Lucy Cormack and Karuni Rompies – High-rise buildings in Jakarta will soon be forced to spray water mist from their rooftops as part of the government's desperate bid to tackle the toxic air pollution that has been choking the megacity for weeks.
It is the latest mitigation strategy in the Indonesian capital, which has a population of more than 10 million and is forever grappling with plummeting air quality.
Its pollution index was the world's worst in August, when fine particle matter ballooned to 19 times the level recommended by the World Health Organisation.
Four major factories have recently been ordered to shutter operations, while fuel-emitting industries have been threatened with sanctions if they fail to install mandatory mechanical scrubbers inside factory chimneys.
The smog is so thick that doctors have urged residents to wear masks and avoid walking outdoors, while the government has repeatedly called for civil servants to work from home to reduce the burden of dirty emissions from motorcycles and cars.
President Joko Widodo – said to be battling his own cough exacerbated by the conditions – has called for urgent intervention and enforcement of emissions restrictions.
He has urged locals to take public transport to cut down on the 996,000 vehicles entering Jakarta daily, and called for the widespread planting of trees.
He told an industry meeting recently that if they didn't install scrubbers they would face sanctions: "[I am] firm on this because the price for health we must pay is very expensive."
The president held cabinet talks on Monday to discuss air quality in Jakarta and its surrounds, receiving advice that increasing rates of respiratory infections and asthma were linked to air pollution.
Describing Widodo's persistent cough, Tourism Minister Sandiaga Uno last month linked it to poor air quality and said the president "has never felt like this".
The decision to introduce mist technology on 300 buildings comes amid a hurried effort to clear the skies before the city hosts the ASEAN Summit in September.
Head of the Jakarta Environment Agency Asep Kuswanto announced the policy after a mist system was installed at Central Jakarta's Pertamina Building. He said testing showed a reduction of harmful PM2.5 levels around the building.
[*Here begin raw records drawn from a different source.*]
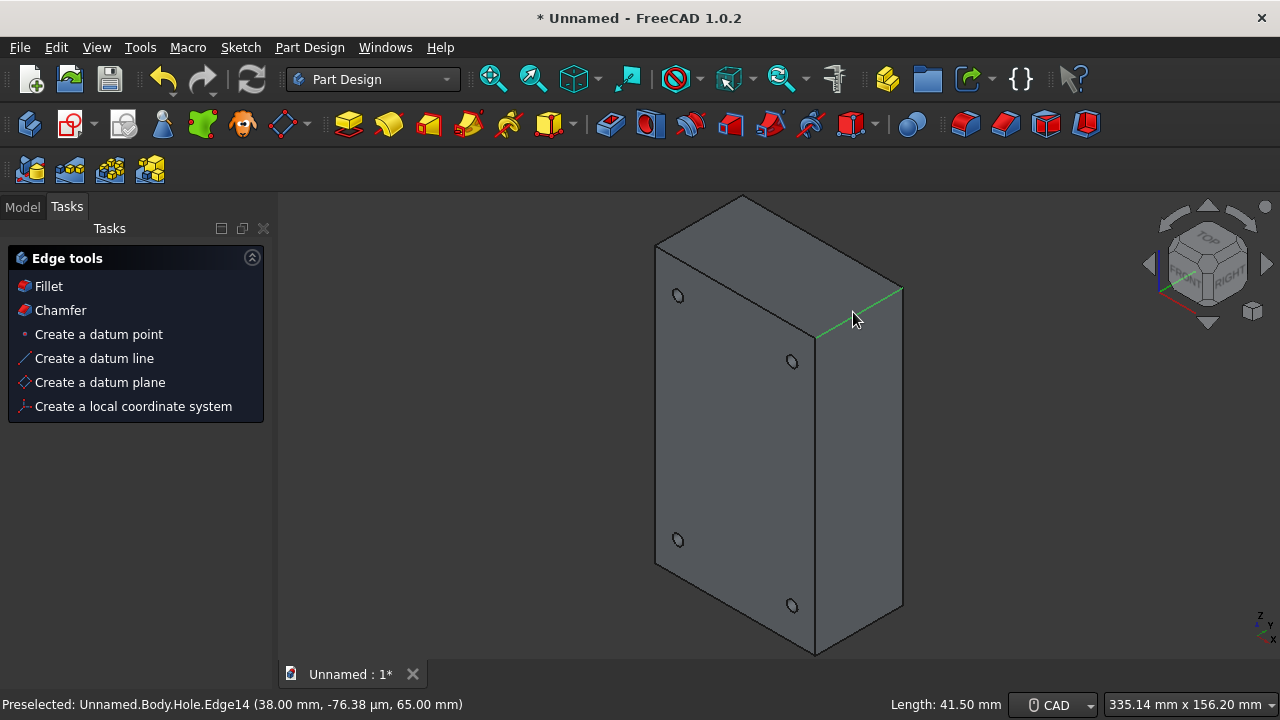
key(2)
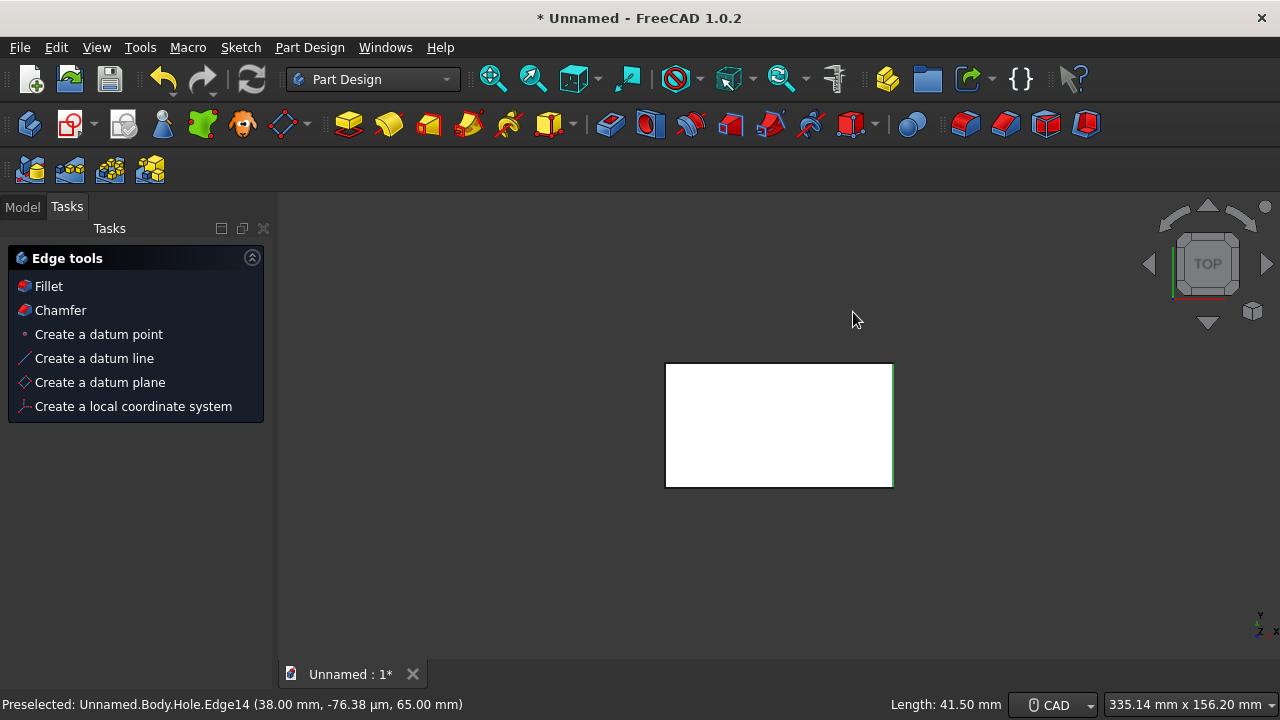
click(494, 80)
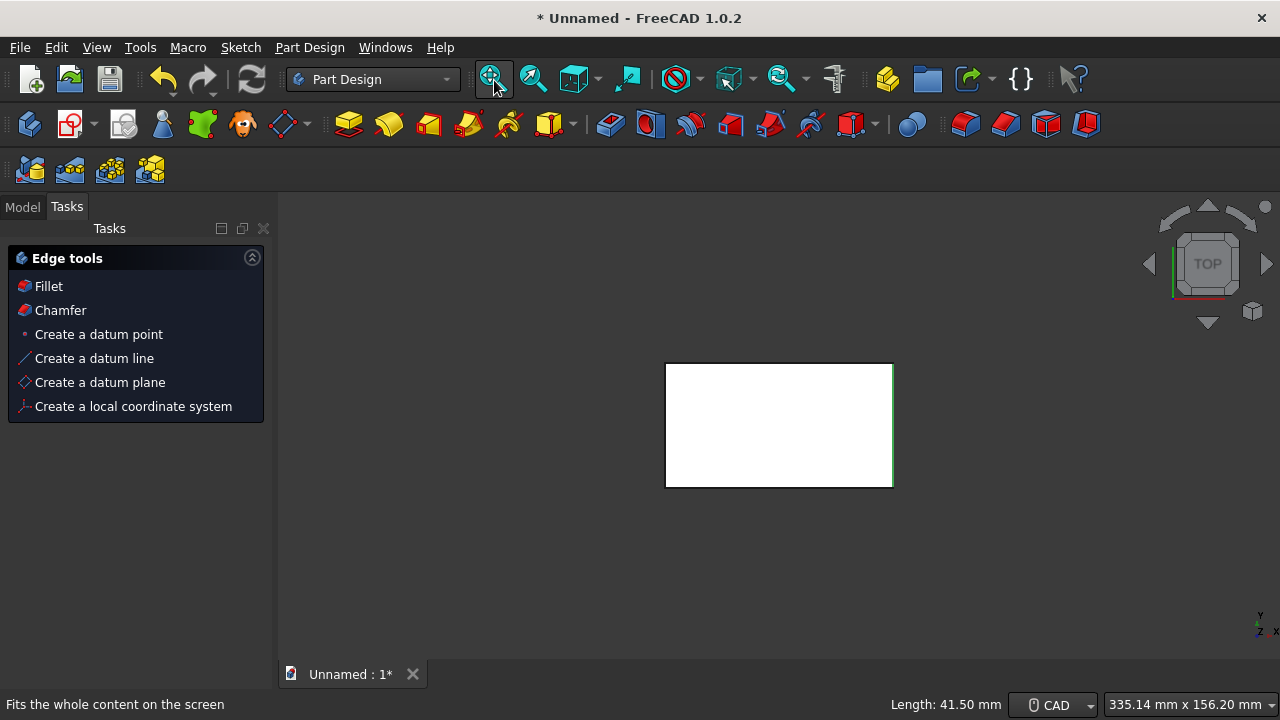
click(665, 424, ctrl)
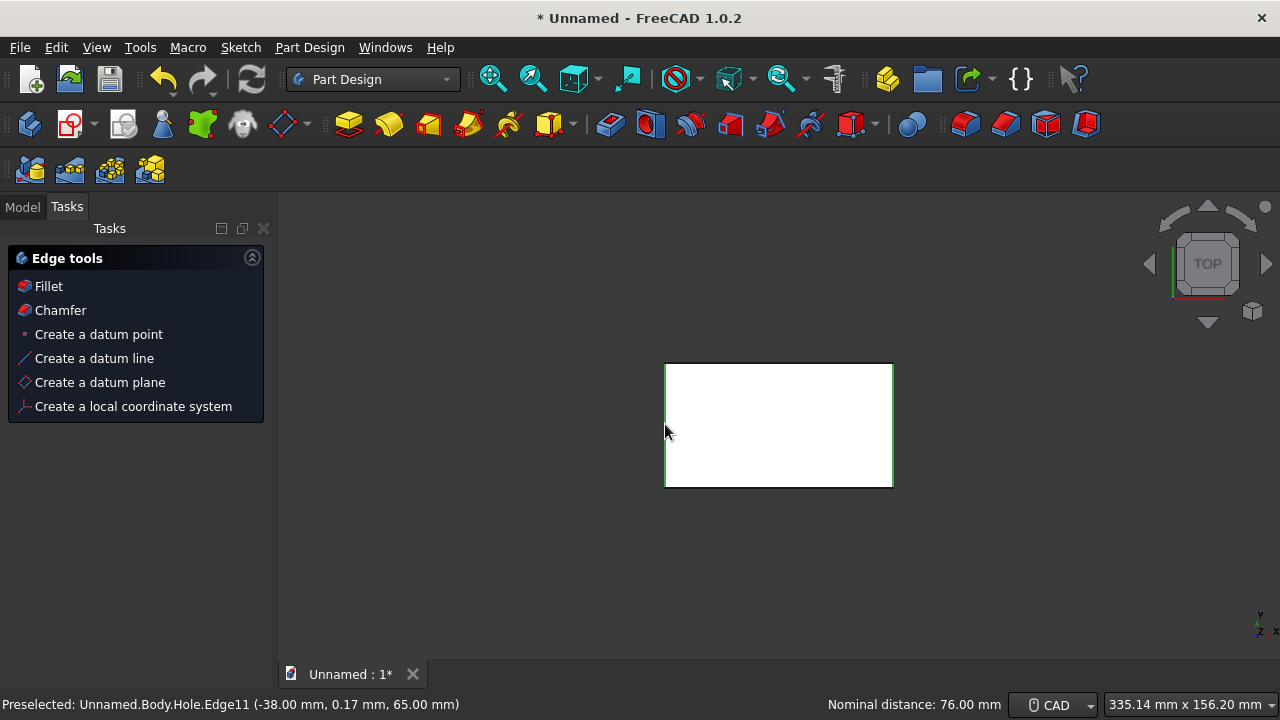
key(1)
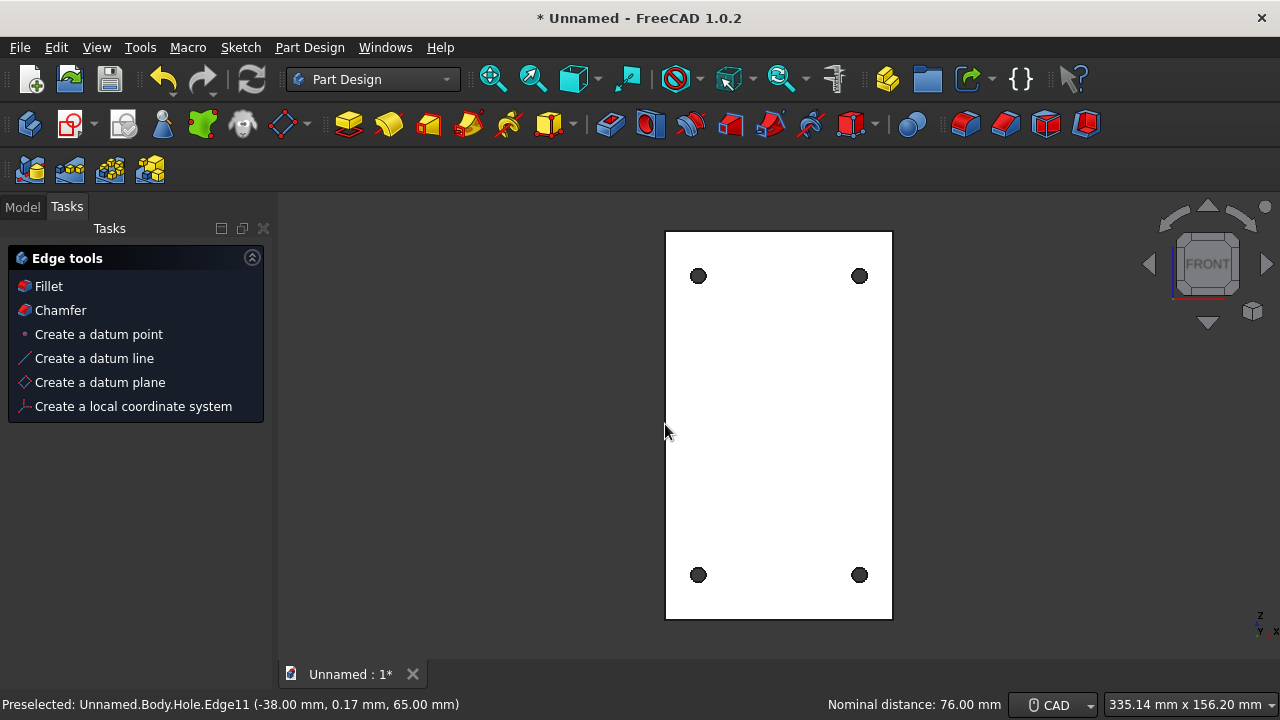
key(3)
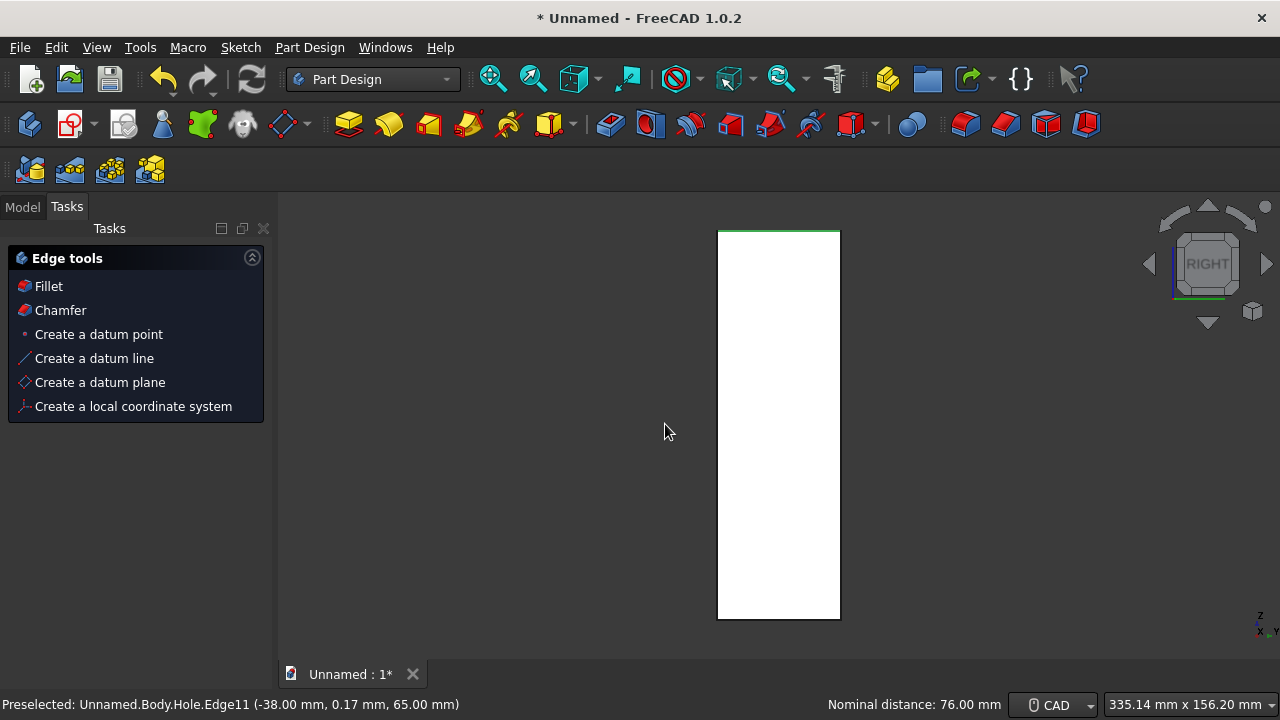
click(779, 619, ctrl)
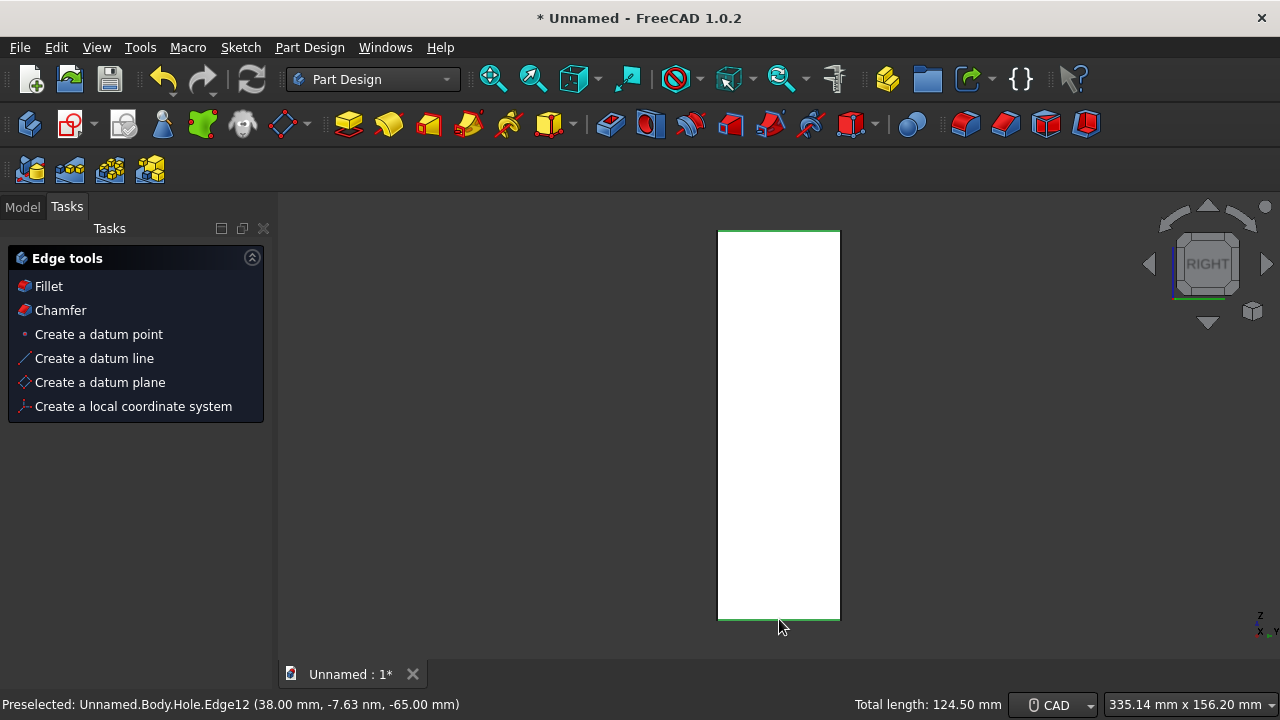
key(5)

PM2.5 particles have a diameter of 2.5 micrometres or less; about 3 per cent the width of a human hair. The fine particles – largely the product of smog from traffic, industry and fires – are small enough to penetrate the lungs and bloodstream and have been linked to an increased risk of cardiac arrest.
However, the jury is out on the efficacy of water mist for pollution mitigation.
"It's a water and energy-intensive approach that only works in the area being sprayed. The effect will also go away within a few hours of the sprays being stopped because of the particles still being emitted, and mixing from the other areas not being sprayed," said Duncan Watson-Parris, assistant professor at the University of California San Diego.
"I can sympathise with the desire for a quick fix, but this can only really be a stop-gap solution, as described above. Ultimately, we have to eliminate the primary source of the pollution: the burning of dirty fossil fuels."
Jakarta resident and business consultant Alexander Evan said he did not leave the house without a mask, which he changed regularly because "the dirty air sticks to the mask".
"There are also street kids selling cookies near Sarinah shopping mall in Central Jakarta. They don't wear masks, and I am sure they escaped the attention of the Jakarta government," the 48-year-old said.
"The real solution is decarbonisation... water mist is a temporary solution. It is not sustainable."
Retired civil servant Corina Manangka, 61, said she had been prescribed medication for a cough she recently developed. "I don't know if it is due to pollution or not, but the doctor told me to put on a mask when outdoors."
Street kiosks and fountains spraying fine mist were used across Europe during the northern hemisphere's recent heatwave to help cool residents and holidaymakers in places like Spain, Italy and Greece.
But using mist to target air pollution has more commonly been seen in China, which has used water cannons to reduce smog.
Mist has also been used in Delhi, one of the world's most polluted megacities, where average annual particle pollution can be more than 25 times the World Heath Organisation's guidelines.
India was among six countries in Asia and Africa named in a report this week for suffering the worst air pollution. The Air Quality Life Index study by the University of Chicago's Energy Policy Institute concluded that fine particle air pollution was causing the average person on the planet to lose 2.3 years of life expectancy.
"The impact of PM2.5 on global life expectancy is comparable to that of smoking, more than three times that of alcohol use and unsafe water, more than five times that of transport injuries like car crashes, and more than seven times that of HIV/AIDS," the report found.
In a separate effort to minimise pollution, Indonesia recently used weather modification technology, also known as "cloud-seeding", to induce rain.
The practice, conducted by Indonesia's National Research and Innovation Agency in late August, involves injecting clouds with substances to speed up rain production.
The Environment and Forestry Ministry said the weather modification had improved air quality in areas where rain fell, including in Bogor, a city south of Jakarta.
Cloud-seeding is widely used in the United Arab Emirates, which conducts an ambitious program throughout the year to force precipitation.